── MATERIAL PROVIDED ──
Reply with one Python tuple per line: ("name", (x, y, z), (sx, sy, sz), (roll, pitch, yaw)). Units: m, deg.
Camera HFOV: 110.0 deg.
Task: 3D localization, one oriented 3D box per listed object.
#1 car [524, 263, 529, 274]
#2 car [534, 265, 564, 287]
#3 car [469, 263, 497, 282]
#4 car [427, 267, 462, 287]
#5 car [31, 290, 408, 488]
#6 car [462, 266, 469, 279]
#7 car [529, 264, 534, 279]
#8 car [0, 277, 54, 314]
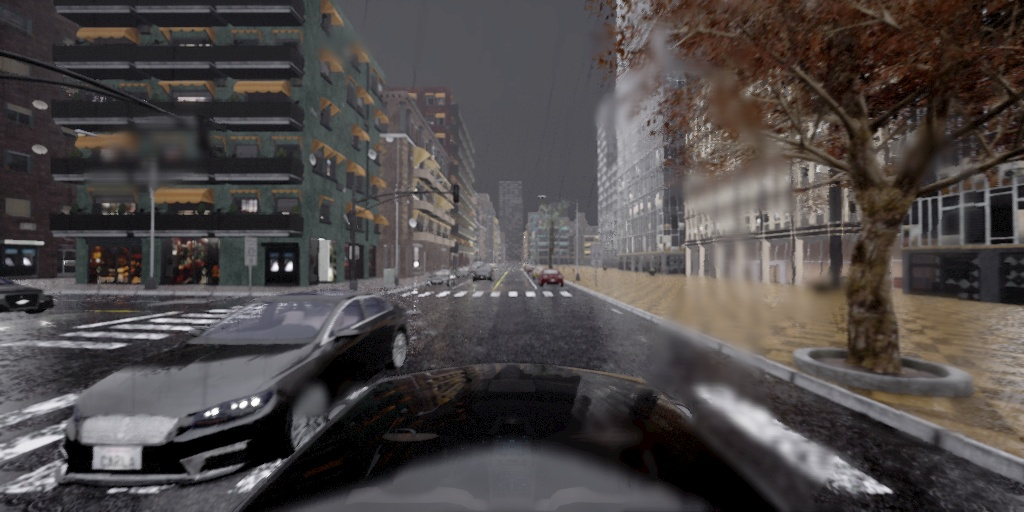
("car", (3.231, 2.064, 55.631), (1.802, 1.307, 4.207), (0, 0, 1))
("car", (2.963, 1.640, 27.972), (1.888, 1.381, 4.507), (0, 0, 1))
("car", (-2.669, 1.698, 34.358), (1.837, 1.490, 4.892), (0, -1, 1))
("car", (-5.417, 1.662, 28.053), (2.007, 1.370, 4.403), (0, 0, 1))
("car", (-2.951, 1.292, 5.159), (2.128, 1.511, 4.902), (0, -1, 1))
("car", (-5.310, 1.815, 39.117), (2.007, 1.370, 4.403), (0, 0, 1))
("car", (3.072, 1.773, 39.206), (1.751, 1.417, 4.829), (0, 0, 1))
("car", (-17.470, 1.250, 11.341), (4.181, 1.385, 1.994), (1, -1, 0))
───
── MATERIAL PROVIDED ──
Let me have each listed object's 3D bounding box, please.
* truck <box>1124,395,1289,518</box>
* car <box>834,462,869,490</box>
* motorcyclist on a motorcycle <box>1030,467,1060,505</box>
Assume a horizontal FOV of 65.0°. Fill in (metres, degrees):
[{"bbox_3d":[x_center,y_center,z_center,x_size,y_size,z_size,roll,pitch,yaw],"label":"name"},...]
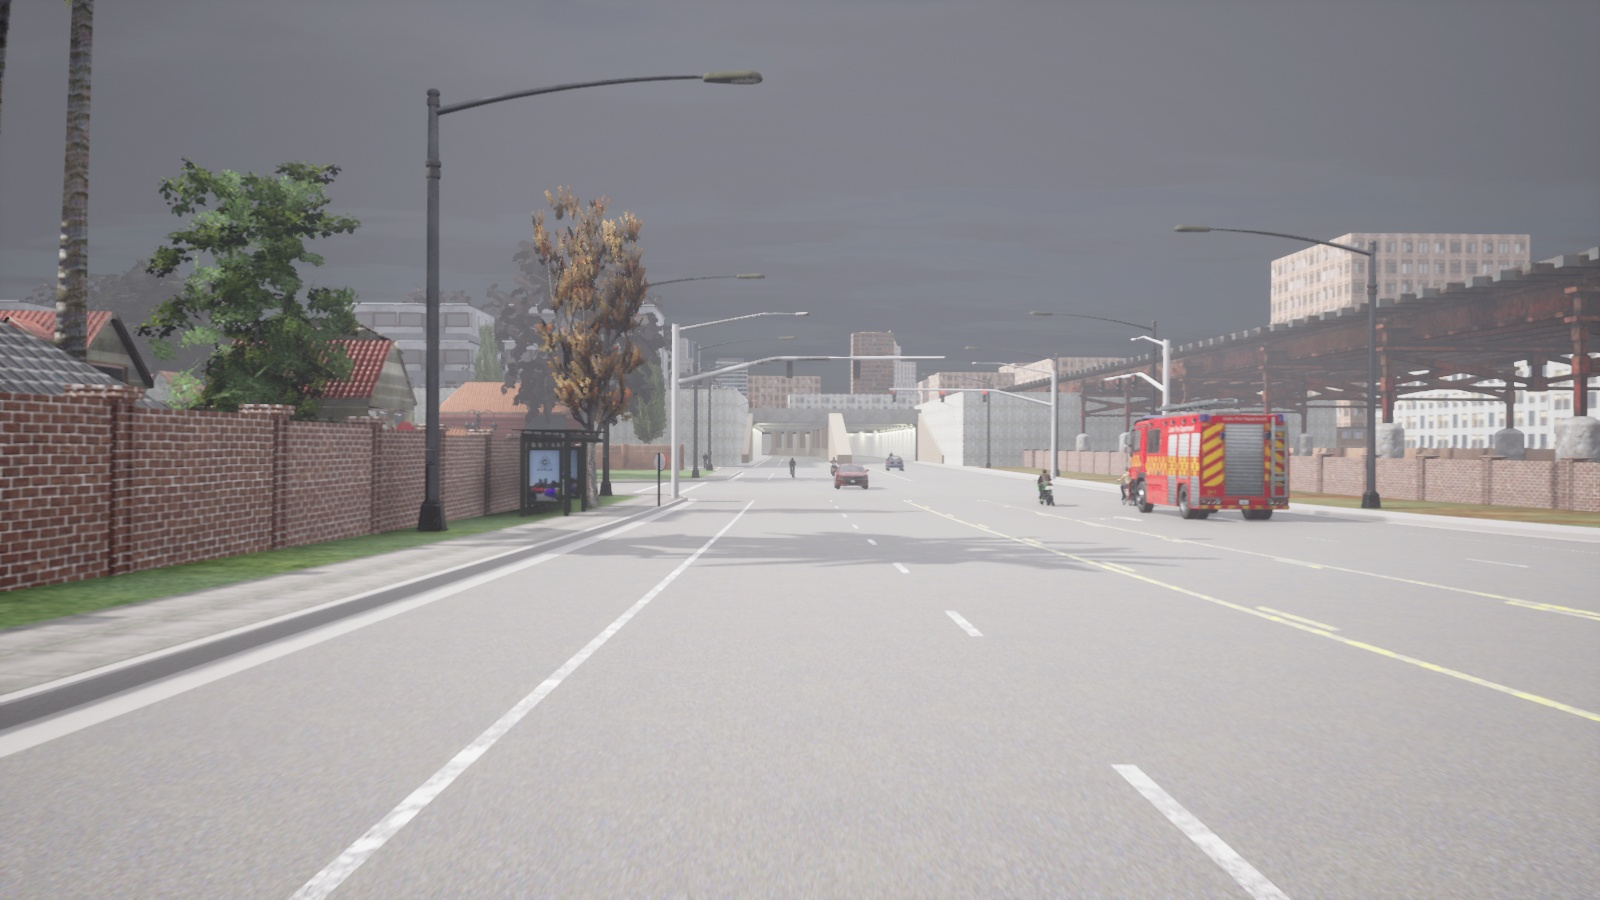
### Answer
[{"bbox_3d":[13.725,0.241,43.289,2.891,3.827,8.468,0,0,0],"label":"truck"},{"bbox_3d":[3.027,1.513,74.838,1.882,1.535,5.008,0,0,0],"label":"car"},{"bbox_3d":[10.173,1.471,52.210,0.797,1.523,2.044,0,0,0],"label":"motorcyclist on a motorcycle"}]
───
── MATERIAL PROVIDED ──
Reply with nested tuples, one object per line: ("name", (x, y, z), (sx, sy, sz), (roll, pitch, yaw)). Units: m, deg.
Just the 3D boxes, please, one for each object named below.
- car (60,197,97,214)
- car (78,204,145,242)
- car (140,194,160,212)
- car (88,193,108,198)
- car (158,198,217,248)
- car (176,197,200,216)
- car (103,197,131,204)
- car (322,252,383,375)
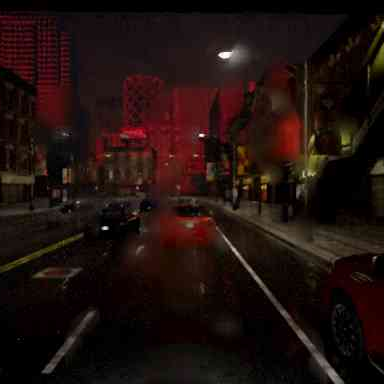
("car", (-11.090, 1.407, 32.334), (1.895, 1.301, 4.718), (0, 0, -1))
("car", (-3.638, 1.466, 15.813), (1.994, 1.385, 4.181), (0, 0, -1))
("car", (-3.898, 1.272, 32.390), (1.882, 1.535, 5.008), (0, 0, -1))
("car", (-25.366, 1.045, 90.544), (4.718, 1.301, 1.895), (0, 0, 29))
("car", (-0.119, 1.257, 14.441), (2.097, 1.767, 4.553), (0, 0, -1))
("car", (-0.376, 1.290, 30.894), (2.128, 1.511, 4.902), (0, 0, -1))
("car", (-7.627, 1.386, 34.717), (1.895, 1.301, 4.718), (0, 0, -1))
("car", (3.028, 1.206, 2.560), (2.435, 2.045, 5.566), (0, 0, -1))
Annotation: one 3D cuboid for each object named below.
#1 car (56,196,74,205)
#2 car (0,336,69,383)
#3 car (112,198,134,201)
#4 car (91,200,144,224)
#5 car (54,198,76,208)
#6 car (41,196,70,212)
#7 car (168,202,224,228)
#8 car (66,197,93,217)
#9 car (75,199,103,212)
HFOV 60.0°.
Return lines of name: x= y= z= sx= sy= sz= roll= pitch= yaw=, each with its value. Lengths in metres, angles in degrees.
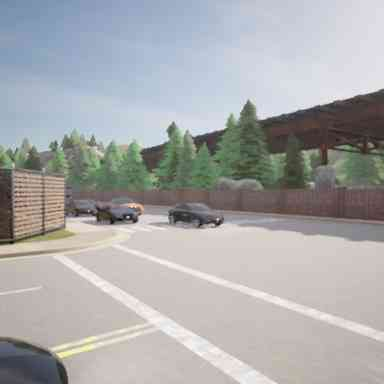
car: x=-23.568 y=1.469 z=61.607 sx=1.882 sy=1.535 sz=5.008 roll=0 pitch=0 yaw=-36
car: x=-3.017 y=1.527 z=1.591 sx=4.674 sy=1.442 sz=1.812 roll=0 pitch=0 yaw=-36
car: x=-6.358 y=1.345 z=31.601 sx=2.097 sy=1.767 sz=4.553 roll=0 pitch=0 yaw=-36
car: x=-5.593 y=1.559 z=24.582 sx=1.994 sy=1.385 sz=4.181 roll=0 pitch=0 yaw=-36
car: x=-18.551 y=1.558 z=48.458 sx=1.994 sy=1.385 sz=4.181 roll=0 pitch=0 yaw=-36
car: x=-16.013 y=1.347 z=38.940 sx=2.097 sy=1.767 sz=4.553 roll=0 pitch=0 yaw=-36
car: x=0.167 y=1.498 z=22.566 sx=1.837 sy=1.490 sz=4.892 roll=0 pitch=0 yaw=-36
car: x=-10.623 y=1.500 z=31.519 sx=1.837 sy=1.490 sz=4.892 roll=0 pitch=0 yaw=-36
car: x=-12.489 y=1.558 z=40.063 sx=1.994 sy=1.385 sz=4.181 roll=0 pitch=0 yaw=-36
───
#### WHAT TO PRODUCE:
Whenever a line above has the word "below" in it, copy that line.

#### SOLVED PROBLEM:
Just the 3D boxes, please, one for each object named below.
Annotation: one 3D cuboid for each object named below.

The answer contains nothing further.